Exercise prompt — Transcribe all of the data exactly. Images stay out.

Data items
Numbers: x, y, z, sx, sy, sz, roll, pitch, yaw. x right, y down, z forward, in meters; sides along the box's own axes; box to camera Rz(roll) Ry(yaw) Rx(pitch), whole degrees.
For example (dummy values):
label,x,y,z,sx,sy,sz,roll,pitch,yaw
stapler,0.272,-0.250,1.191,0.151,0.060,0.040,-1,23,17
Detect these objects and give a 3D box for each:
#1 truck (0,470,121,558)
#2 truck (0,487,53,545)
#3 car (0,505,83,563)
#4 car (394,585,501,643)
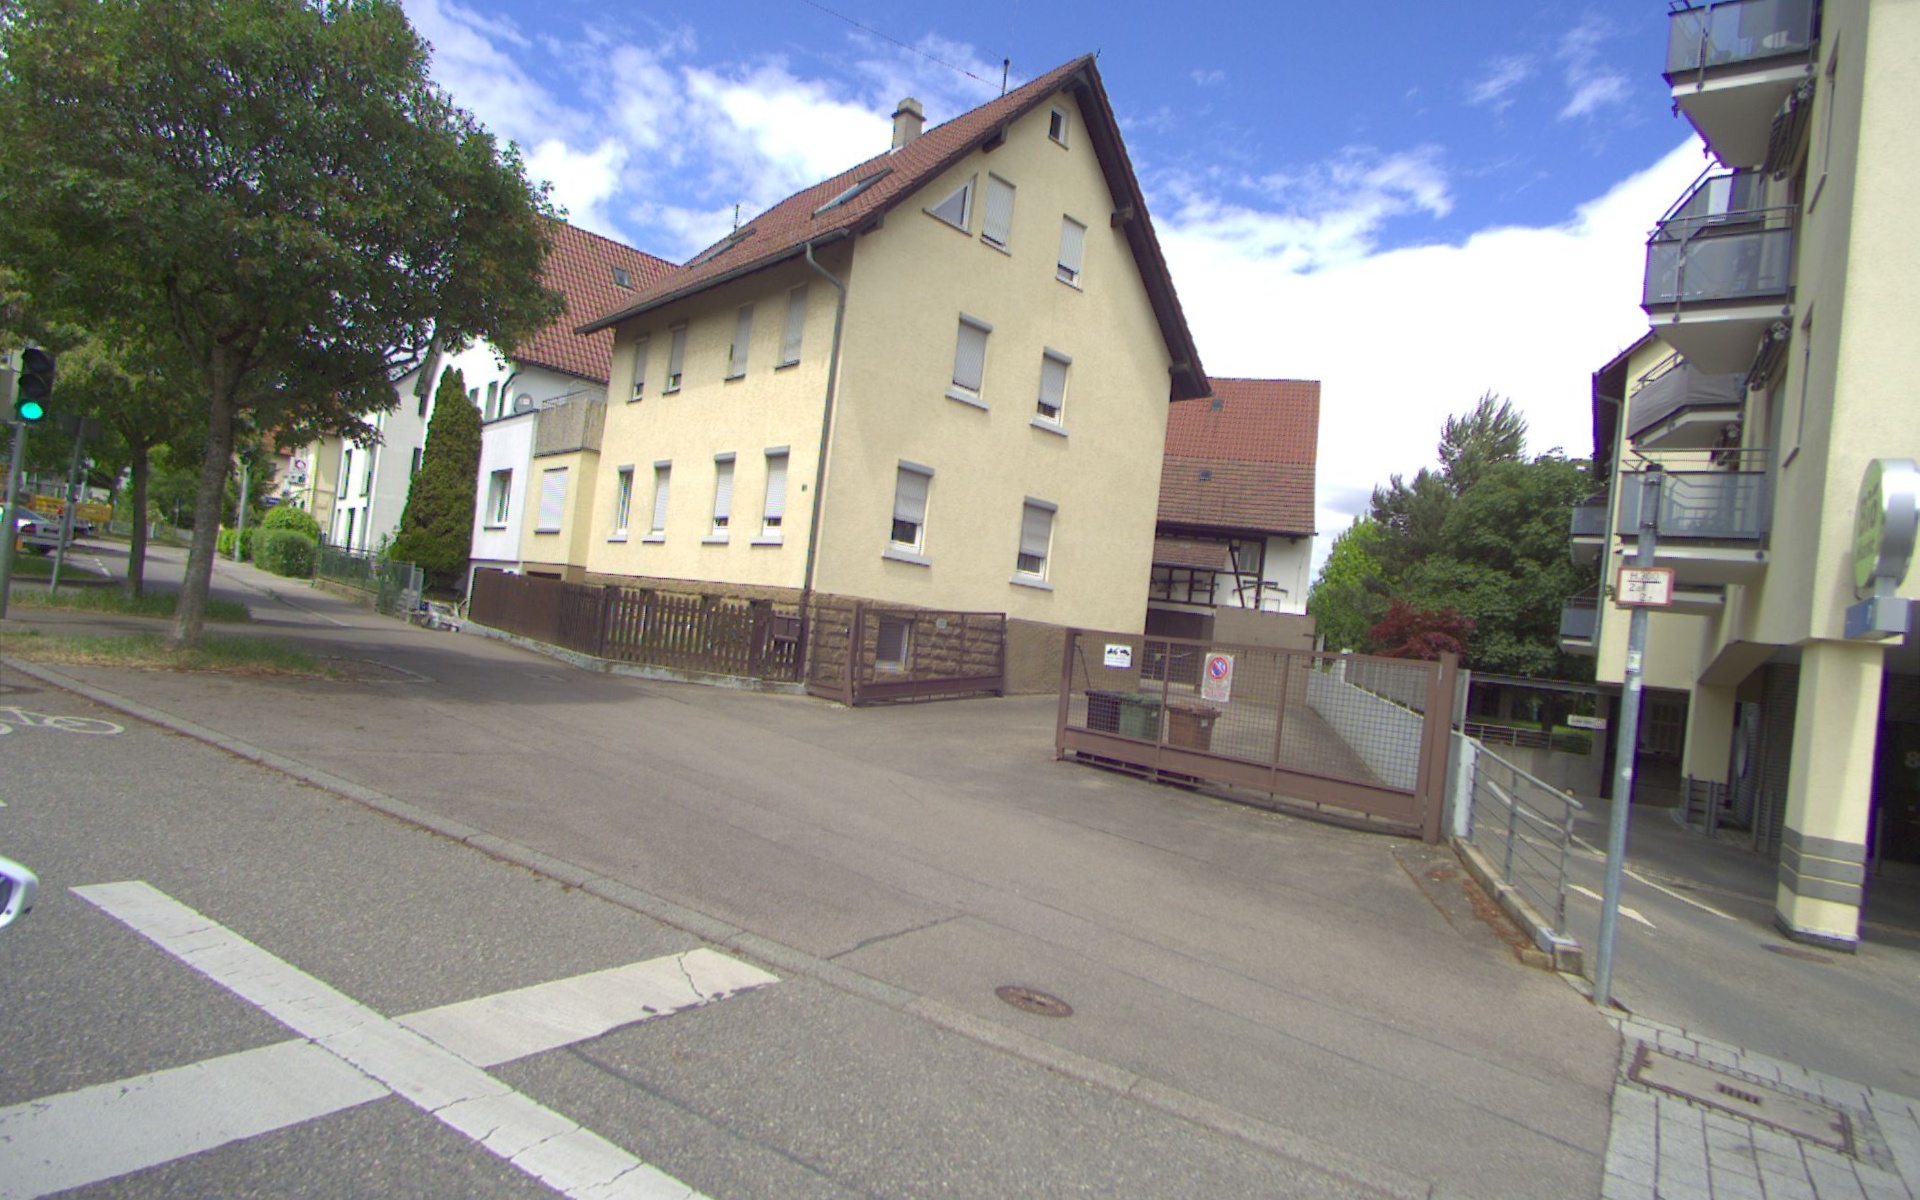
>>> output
label,x,y,z,sx,sy,sz,roll,pitch,yaw
truck,-41.365,-3.984,43.858,6.591,3.039,2.772,9,-4,-6
truck,-40.997,-3.809,41.040,5.581,2.034,2.001,9,-4,-7
car,-30.152,-2.271,30.871,4.606,1.468,1.768,9,-2,-4
car,-13.697,0.347,26.785,1.459,1.136,3.827,12,-6,-42

Output of the task —
Numbers: x, y, z, sx, sy, sz, roll, pitch, yaw. x right, y down, z forward, in meters; sides along the box's own axes; box to camera Rz(roll) Ry(yaw) Rx(pitch), whole degrees.
For example (dummy values):
label,x,y,z,sx,sy,sz,roll,pitch,yaw
stapler,0.272,-0.250,1.191,0.151,0.060,0.040,-1,23,17
Detect these objects and give a 3D box for each:
#1 truck (0,470,121,558)
#2 truck (0,487,53,545)
#3 car (0,505,83,563)
#4 car (394,585,501,643)
>>> output
label,x,y,z,sx,sy,sz,roll,pitch,yaw
truck,-41.365,-3.984,43.858,6.591,3.039,2.772,9,-4,-6
truck,-40.997,-3.809,41.040,5.581,2.034,2.001,9,-4,-7
car,-30.152,-2.271,30.871,4.606,1.468,1.768,9,-2,-4
car,-13.697,0.347,26.785,1.459,1.136,3.827,12,-6,-42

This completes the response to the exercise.